Dans le même temps, les peintures cellulosiques semblent avoir rencontré un certain succès auprès des modélistes japonais. Mais cela demeure en grande partie une particularité insulaire, car il est difficile de se procurer ces gammes de peintures dans le reste du monde, à l’exception de peintures dédiées aux rendus métallisés pour modélistes avertis, domaine dans lequel les peintures cellulosiques semblent inattaquables.

Principales marques

Peintures enamel :

  • Humbrol en Europe (marque originaire du Royaume Uni appartenant aujourd’hui au groupe Airfix).

  • Model Master au USA (marque appartenant au groupe Testors).

Peintures cellulosiques :

  • Gamme Mr Color de la marque japonaise Gunze Sangyo (parfois également présentée sous le nom GSI Creos).

    Cette gamme ne doit pas être confondue avec la gamme Mr Hobby du même fabriquant, beaucoup plus facile à se procurer en Europe, mais composée de peintures acryliques.

    A vrai dire, les peintures de la gamme Mr Color seraient en fait des acryliques cellulosiques, c’est à dire des peintures cellulosiques intégrant un part de résines acryliques pour les assouplir.
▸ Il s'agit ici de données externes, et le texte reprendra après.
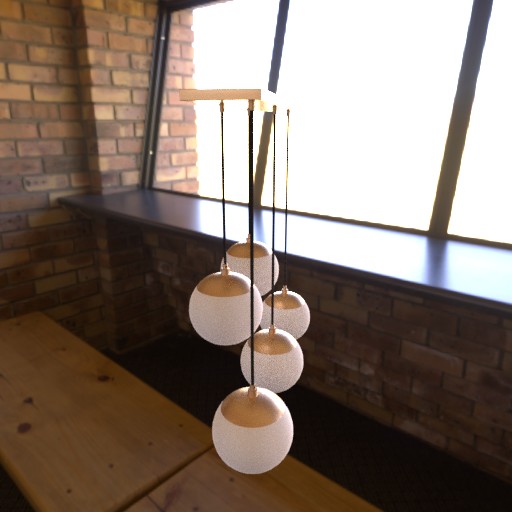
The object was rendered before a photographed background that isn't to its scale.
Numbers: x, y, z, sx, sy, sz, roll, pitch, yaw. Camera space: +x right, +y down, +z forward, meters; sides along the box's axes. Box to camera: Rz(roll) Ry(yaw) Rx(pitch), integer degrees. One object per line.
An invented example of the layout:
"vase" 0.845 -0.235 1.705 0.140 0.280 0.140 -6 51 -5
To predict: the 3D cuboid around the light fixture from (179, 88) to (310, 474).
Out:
"light fixture" 0.000 0.000 1.303 0.299 0.869 0.863 3 17 10
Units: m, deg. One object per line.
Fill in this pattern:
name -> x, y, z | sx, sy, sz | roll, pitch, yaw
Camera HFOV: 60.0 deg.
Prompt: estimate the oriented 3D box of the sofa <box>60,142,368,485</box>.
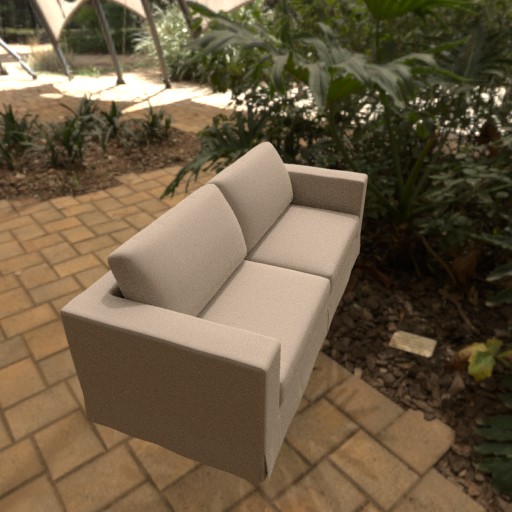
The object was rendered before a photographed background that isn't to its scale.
sofa -> 0.000, 0.000, 2.660 | 0.954, 0.881, 2.163 | 11, 32, 19
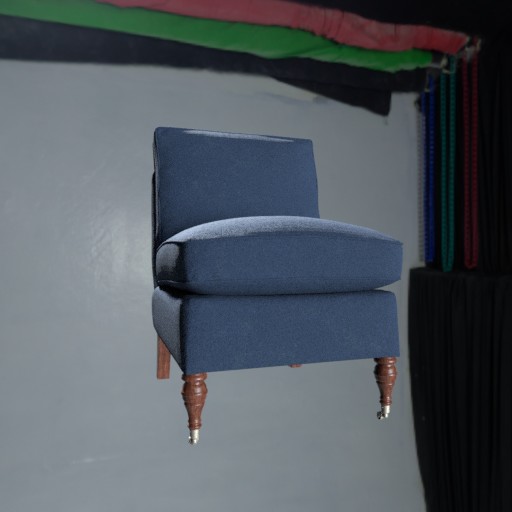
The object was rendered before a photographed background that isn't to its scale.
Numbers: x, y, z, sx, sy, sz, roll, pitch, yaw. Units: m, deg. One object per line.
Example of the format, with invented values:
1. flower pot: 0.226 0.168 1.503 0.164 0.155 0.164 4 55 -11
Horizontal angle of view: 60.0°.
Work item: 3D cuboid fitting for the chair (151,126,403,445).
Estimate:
1. chair: 0.000 0.000 1.673 0.724 1.052 0.912 0 0 -18
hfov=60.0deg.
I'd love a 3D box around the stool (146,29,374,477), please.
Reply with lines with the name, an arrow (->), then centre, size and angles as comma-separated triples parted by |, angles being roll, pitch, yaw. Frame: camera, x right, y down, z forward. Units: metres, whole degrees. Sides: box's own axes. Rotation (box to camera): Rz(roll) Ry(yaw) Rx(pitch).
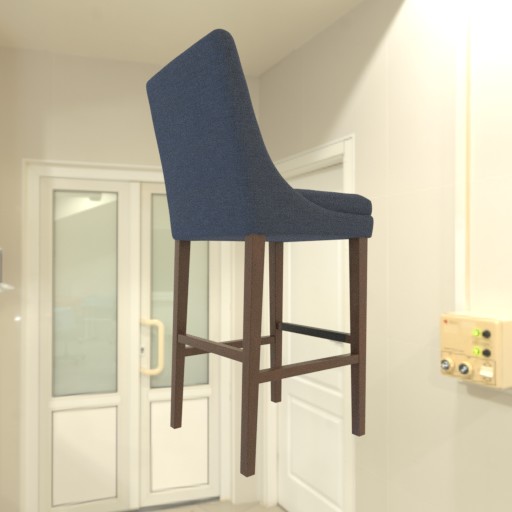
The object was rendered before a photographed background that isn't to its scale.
stool -> 0.000, 0.000, 1.353 | 0.577, 1.078, 0.470 | 0, -1, -37
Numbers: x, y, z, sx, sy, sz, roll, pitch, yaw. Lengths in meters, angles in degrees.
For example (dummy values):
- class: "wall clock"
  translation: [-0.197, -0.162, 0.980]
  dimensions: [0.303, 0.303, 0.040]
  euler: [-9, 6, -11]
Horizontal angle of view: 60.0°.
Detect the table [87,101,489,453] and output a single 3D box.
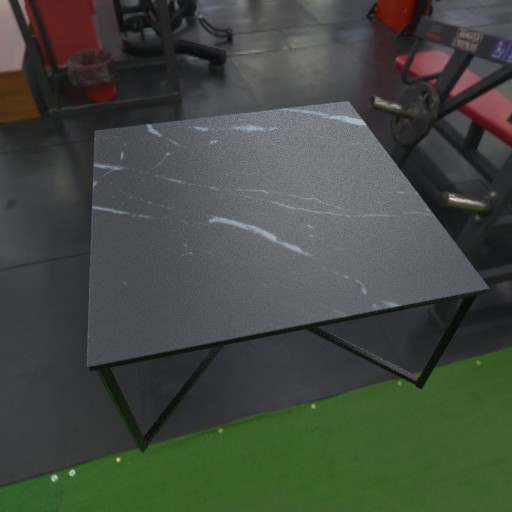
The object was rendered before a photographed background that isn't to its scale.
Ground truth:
- class: "table"
  translation: [0.000, 0.000, 1.277]
  dimensions: [0.800, 0.450, 0.800]
  euler: [-10, 48, -9]
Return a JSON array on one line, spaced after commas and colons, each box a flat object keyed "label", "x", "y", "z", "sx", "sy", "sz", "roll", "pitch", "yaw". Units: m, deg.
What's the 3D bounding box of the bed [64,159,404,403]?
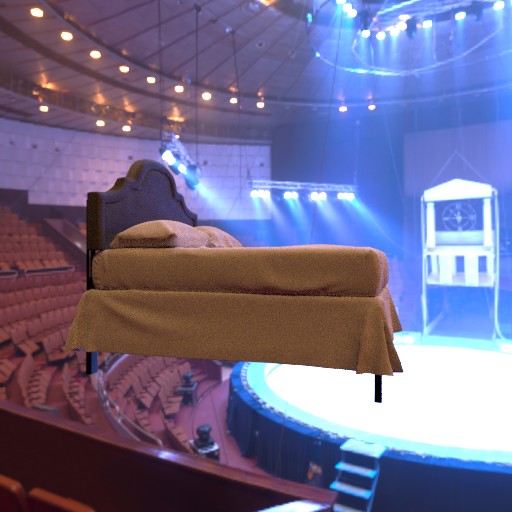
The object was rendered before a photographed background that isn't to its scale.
[{"label": "bed", "x": 0.000, "y": 0.000, "z": 3.516, "sx": 2.222, "sy": 1.634, "sz": 1.780, "roll": 0, "pitch": 0, "yaw": 18}]
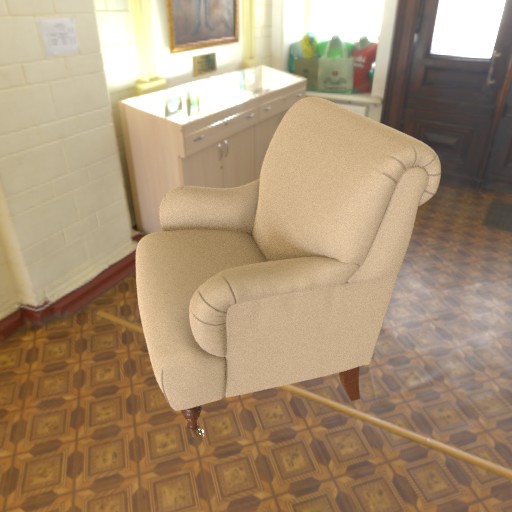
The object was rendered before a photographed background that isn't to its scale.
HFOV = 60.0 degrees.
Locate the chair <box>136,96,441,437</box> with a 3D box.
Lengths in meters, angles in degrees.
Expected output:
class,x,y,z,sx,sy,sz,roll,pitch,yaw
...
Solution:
class,x,y,z,sx,sy,sz,roll,pitch,yaw
chair,0.000,0.000,1.563,0.842,0.942,0.766,-9,31,-15
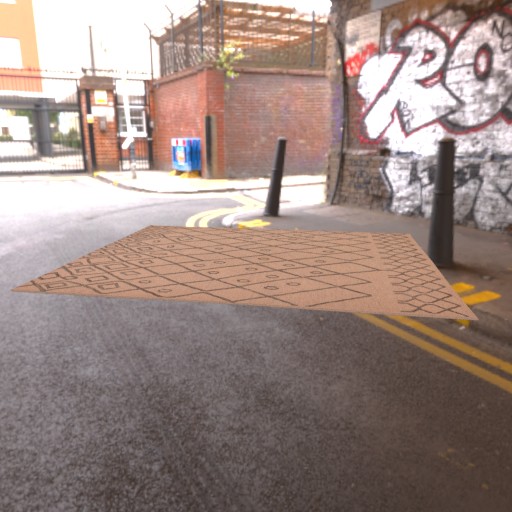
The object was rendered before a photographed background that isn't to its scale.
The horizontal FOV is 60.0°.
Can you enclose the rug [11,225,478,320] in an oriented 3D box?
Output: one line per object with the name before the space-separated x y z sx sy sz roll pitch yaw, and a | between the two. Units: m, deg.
rug | 0.000 0.000 3.990 3.046 0.015 2.446 2 15 9
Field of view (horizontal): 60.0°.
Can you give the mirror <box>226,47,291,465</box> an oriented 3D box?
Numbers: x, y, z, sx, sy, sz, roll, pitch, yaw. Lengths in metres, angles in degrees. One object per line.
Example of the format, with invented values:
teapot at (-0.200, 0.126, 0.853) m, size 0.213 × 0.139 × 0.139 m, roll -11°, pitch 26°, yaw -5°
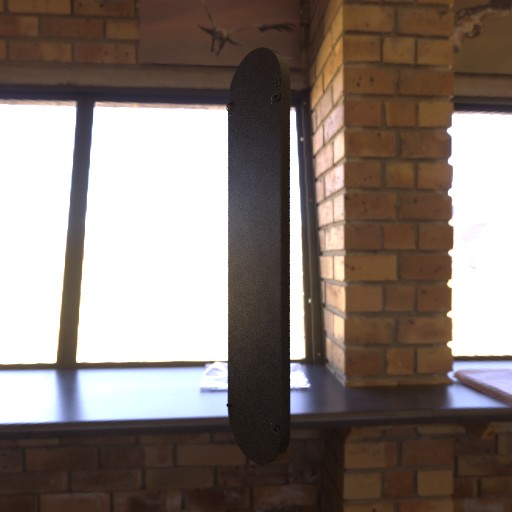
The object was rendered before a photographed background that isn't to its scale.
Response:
mirror at (0.000, 0.000, 1.076) m, size 0.032 × 0.991 × 0.222 m, roll 0°, pitch 0°, yaw -36°

  • Gaia Notes, autre marque japonaise dont les peintures seraient quant à elles de pures cellulosiques.

    Introuvables en Europe.

  • Alclad, marque originaire du Royaume Uni spécialisée dans les rendus métallisés les plus réalistes possibles.

    Ces peintures sont de pures cellulosiques et ne sont utilisables qu’à l’aérographe.

Avant d’aller plus loin et de passer au comparatif lui-même, je dois préciser que dans l’état actuel de cet article :

  • Les seules peintures enamel que j’ai eu le loisir de tester sont celles de la marque Humbrol.

    Je les utilise fréquemment dans ma pratique du modélisme, aussi bien à l’aérographe qu’au pinceau.

  • Les peintures cellulosiques que j’ai le plus utilisées sont des peintures Alclad, que j’utilise elles aussi fréquemment à l’aérographe seulement (comme il se doit pour cette gamme).

    Néanmoins, leur cible particulière – les rendus métallisés exclusivement – les rend impropres à une comparaison globale avec les peintures enamel.

  • J’ai donc, après moult difficultés, finalement réussi à mettre la main sur un petit lot de peintures de la gamme Mr Color de Gunze Sangyo, qui est plus complète et donc plus directement concurrente de la gamme de peintures enamel Humbrol.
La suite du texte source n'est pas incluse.